WHAT YOU ARE ASKED TO DO
Show every line from the data below that includes "object".

RECORDED INFORMATION
----------------------------------------
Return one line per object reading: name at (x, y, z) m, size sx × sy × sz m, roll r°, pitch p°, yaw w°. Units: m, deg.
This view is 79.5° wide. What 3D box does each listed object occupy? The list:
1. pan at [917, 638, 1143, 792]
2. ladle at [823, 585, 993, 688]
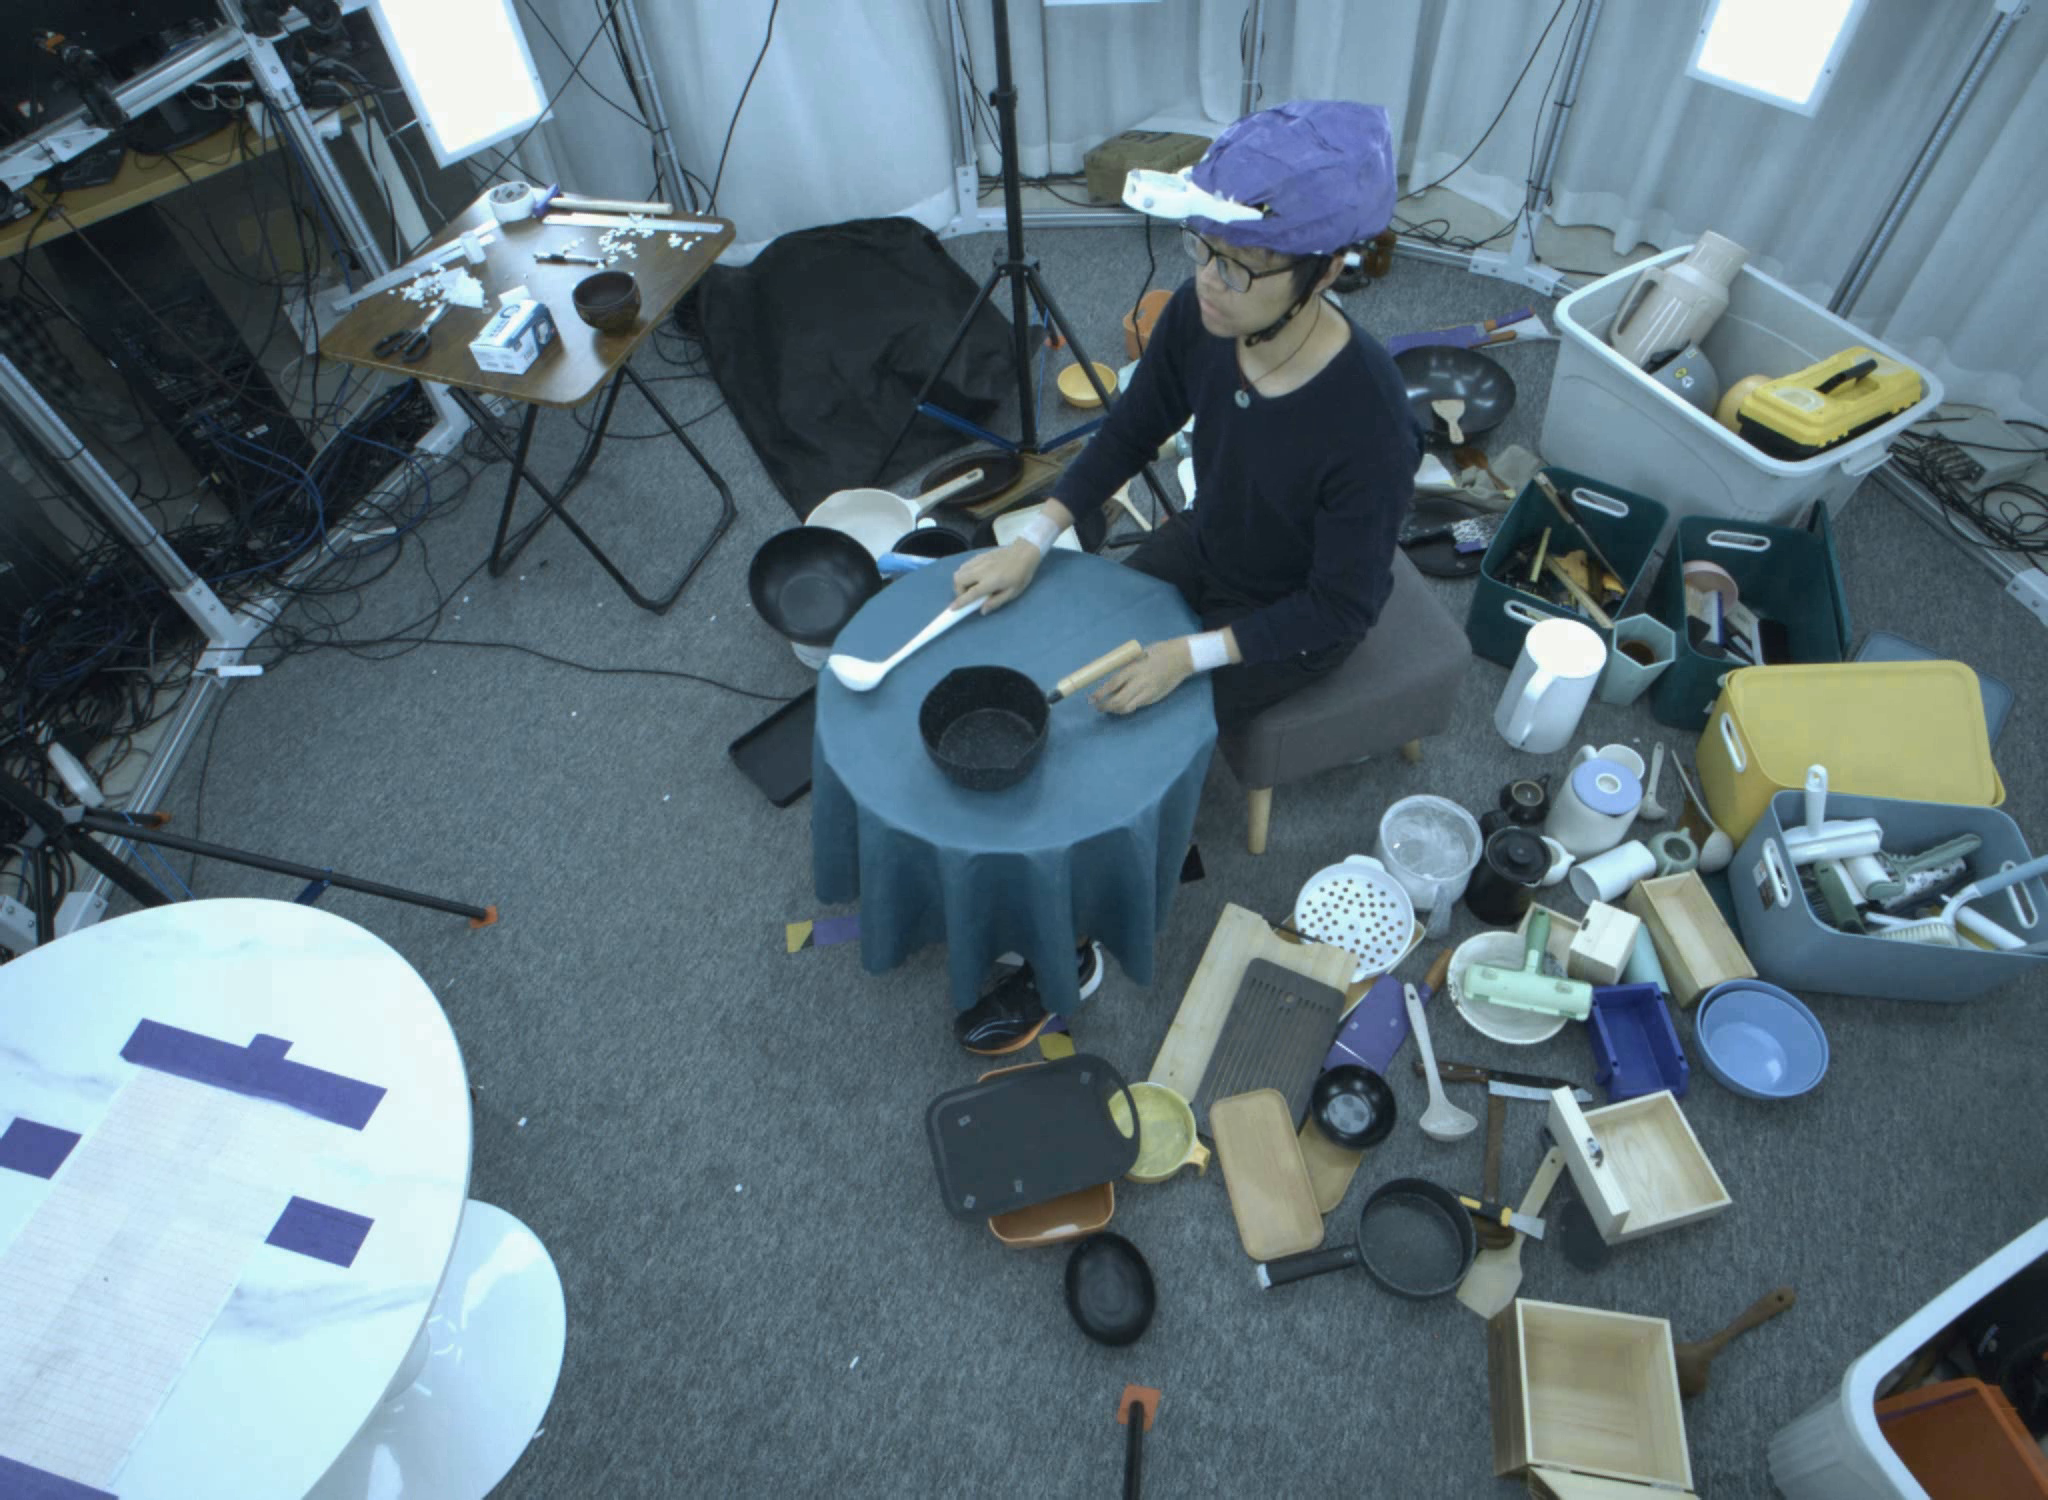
pan at (0.015, -0.063, 1.765) m, size 0.345 × 0.109 × 0.203 m, roll -24°, pitch 56°, yaw -13°
ladle at (-0.174, -0.185, 1.887) m, size 0.295 × 0.071 × 0.088 m, roll -36°, pitch 44°, yaw -22°
----------------------------------------
EXPECTED ANSWER
Return one line per object reading: name at (x, y, z) m, size sx × sy × sz m, roll r°, pitch p°, yaw w°. Units: m, deg.
This view is 79.5° wide. What 3D box does each listed object occupy? The list:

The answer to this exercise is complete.